Turkish civil servant and politician

Necdet Calp (September 7, 1922 – September 13, 1998) was a Turkish civil servant and politician.

==Early life==
He was born in Karamürsel ilçe of Kocaeli Province, Turkey on 7 September 1922. He graduated from the Faculty of Political Science of Ankara University in 1944. He also studied at the London School of Economics. He served as district governor, inspector in the Ministry of Interior as well as province governor of Siirt and İzmir. He also served as executive assistant to İsmet İnönü, then prime minister of Turkey. During the military rule between 1980 and 1983, he was the undersecretary of the prime minister Bülent Ulusu.

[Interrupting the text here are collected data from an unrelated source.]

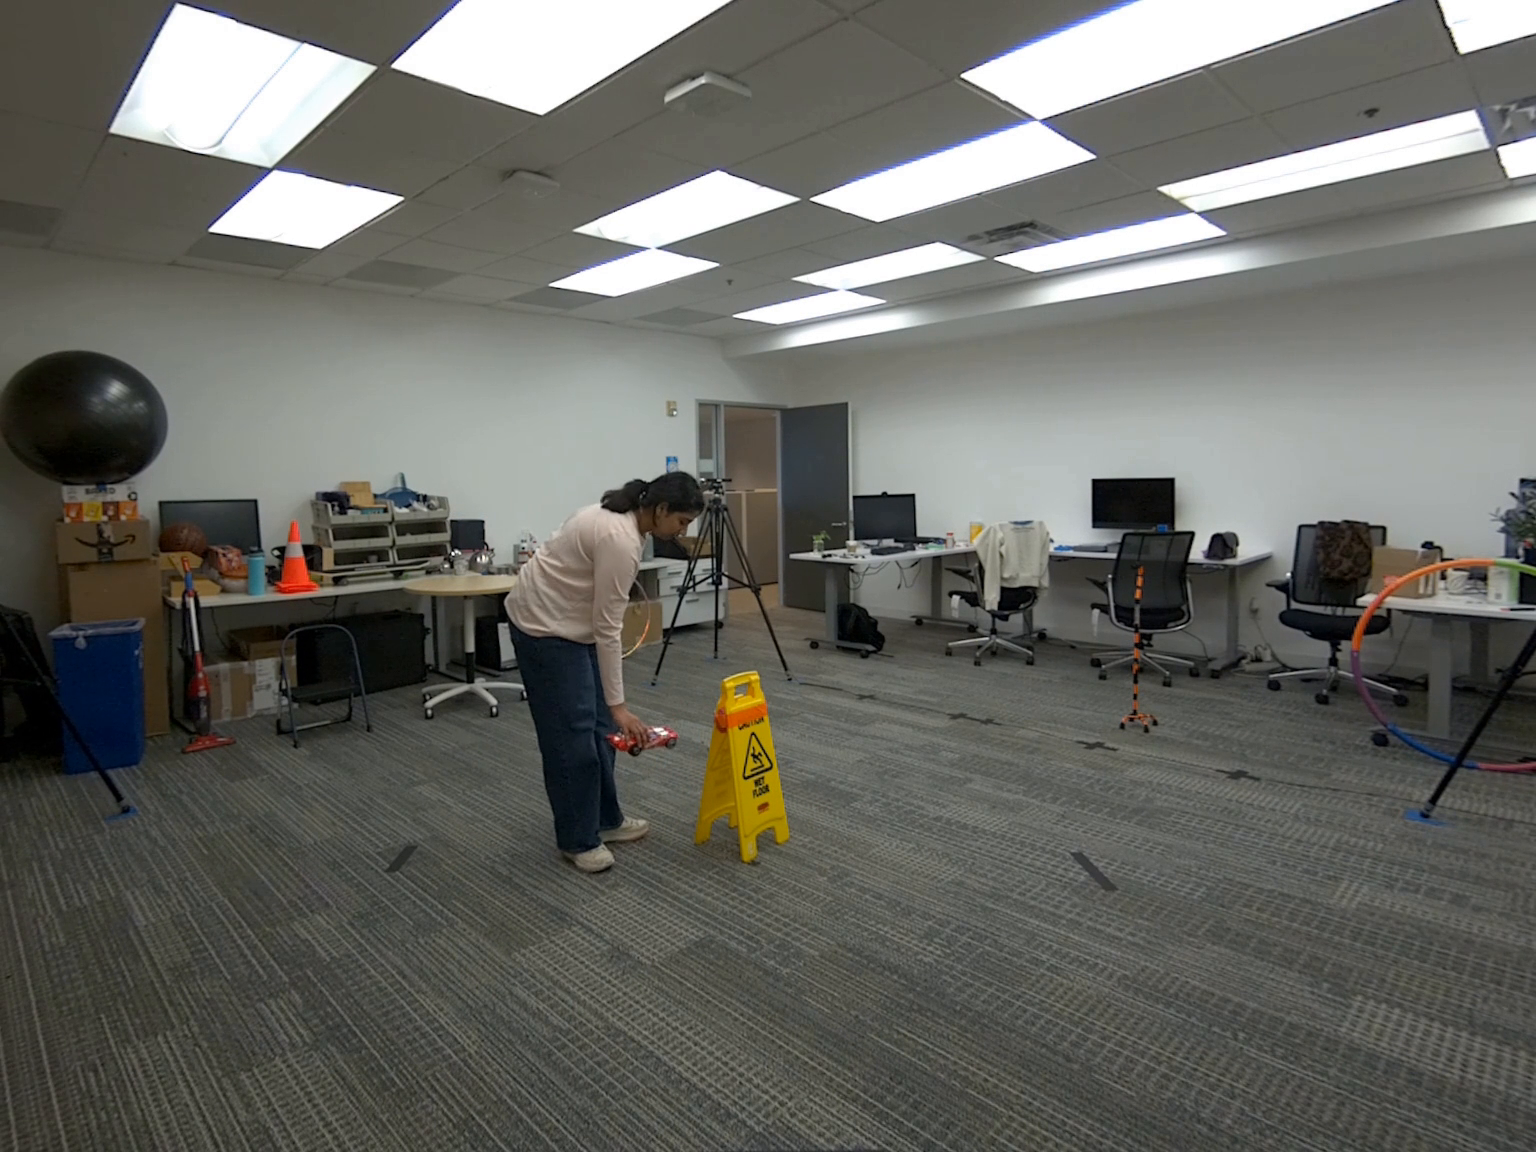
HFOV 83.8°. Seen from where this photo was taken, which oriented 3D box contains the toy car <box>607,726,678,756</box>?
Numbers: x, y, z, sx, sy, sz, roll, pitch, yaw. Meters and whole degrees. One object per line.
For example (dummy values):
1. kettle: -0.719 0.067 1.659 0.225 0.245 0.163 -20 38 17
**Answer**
1. toy car: -0.439 0.580 3.002 0.247 0.083 0.135 7 7 -37

==Leader of the opposition==
On 21 May 1983 together with Avni Güler, Engin Aydın and Turhan Timuçin, he founded People's Party (Halkçı Parti, HP) in the course of Republican People's Party (Turkish: Cumhuriyet Halk Partisi, CHP), which was closed by the military rule. He was elected as the chairman of the party. After the main rival SODEP was banned from entering the election, the HP became the only party attractive for ex-CHP voters. Although he was not a well known name, he caused a nationwide excitement in a panel discussion on TV by his reaction to the proposal of privatization of İstanbul Bosphorus Bridge. In the election held on 6 November 1983, the HP received 30.5% of the votes and Necdet Calp, now PM from Ankara Province, became the opposition leader.

==The congress==
In the local elections held on 21 March 1984, in which SODEP also competed, the HP received 8.8%, which meant a loss of nearly 75% of its votes in less than five months. After learning the results, Calp resigned, but he was soon reelected as the chairman. However, during the reelection period, the opposition group in the party gained strength. On the general congress of the party held on 29 June 1985, he lost his chair to Aydın Güven Gürkan.

==Later years==
After 1985, he did not participate in politics, and in the 1987 elections, he did not run for a seat in the parliament. On 13 September 1998, he died in Ankara as a result of a heart attack.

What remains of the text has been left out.